So Amazon, Berkshire Hathaway and JPMorgan Chase have formed an alliance and are getting into the healthcare business.
You might have seen the headlines on this last month; it was undoubtedly huge news. But what does it really mean to everyday working Americans? Is there the potential to truly disrupt the industry in the way these three corporate giants hope?
Maybe, maybe not. Assessing the viability of their plan requires a good deal of guesswork, if only because the partnership shared so few details about how it plans to move forward. The partners will, for now, focus on their own employees in the U.S., so it wouldn’t be wise to extrapolate too much right away.
According to their statement, the new alliance will pursue technology solutions to provide health care and lower costs. The real game-changer, at least in how the alliance sees things, is that it will be “free from profit-making incentives and constraints.”
It all sounds so promising, I know. The problem is the savings they’ll achieve by banding together will largely be in marketing and administration. Those are sizeable expenditures but don’t begin to approach the amounts spent on doctors, hospitals and medication.
Of course, I don’t doubt that Jeff Bezos, Warren Buffet and Jamie Dimon can negotiate more favorable terms with service providers. There also are deep pockets of inefficiencies and unnecessary complexity in healthcare that offer real market opportunities for cost-savings.

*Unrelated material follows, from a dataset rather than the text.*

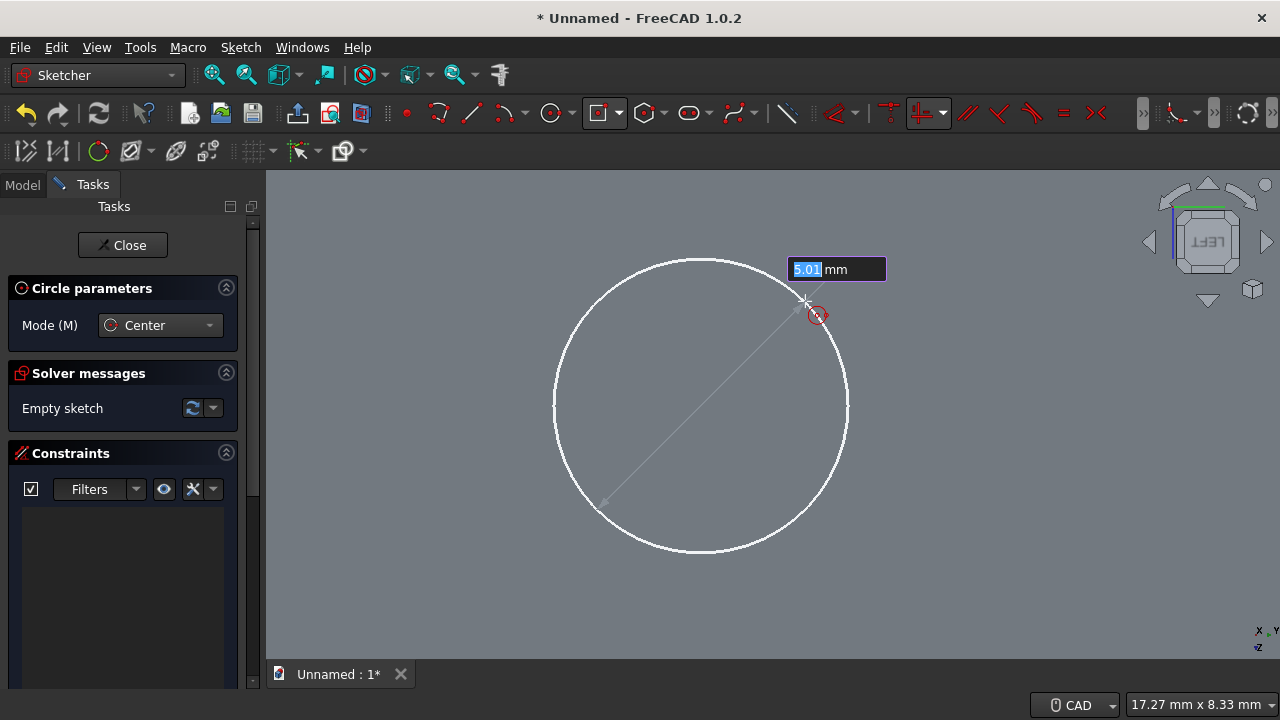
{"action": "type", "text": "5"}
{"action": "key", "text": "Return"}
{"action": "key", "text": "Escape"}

But will it all be enough?
While the three companies together employ more than 1 million people, more than 150 million Americans are covered by their employer’s health plans, limiting the partnership’s sway over the largest insurers and pharmacy benefit managers.
Perhaps more to the point, the question we should ask is whether this effort really will improve the health of employees? In a culture that expects more, does anyone really want cheaper healthcare?
Major employers, including Walmart and Caterpillar, have tried for years to address the costs and complexity of health care, all to little avail.
The immutable fact about health care is that it tends to be local. Companies can’t simply prevent hospitals and doctors from raising prices. They just don’t have the leverage.
Bezos, by the way, acknowledged the challenges ahead in the alliance announcement:
“The healthcare system is complex, and we enter into this challenge open-eyed about the degree of difficulty. Hard as it might be, reducing healthcare’s burden on the economy while improving outcomes for employees and their families would be worth the effort. Success is going to require talented experts, a beginner’s mind, and a long-term orientation.”
Google and Microsoft can attest to that. Both started health ventures in recent years with little success.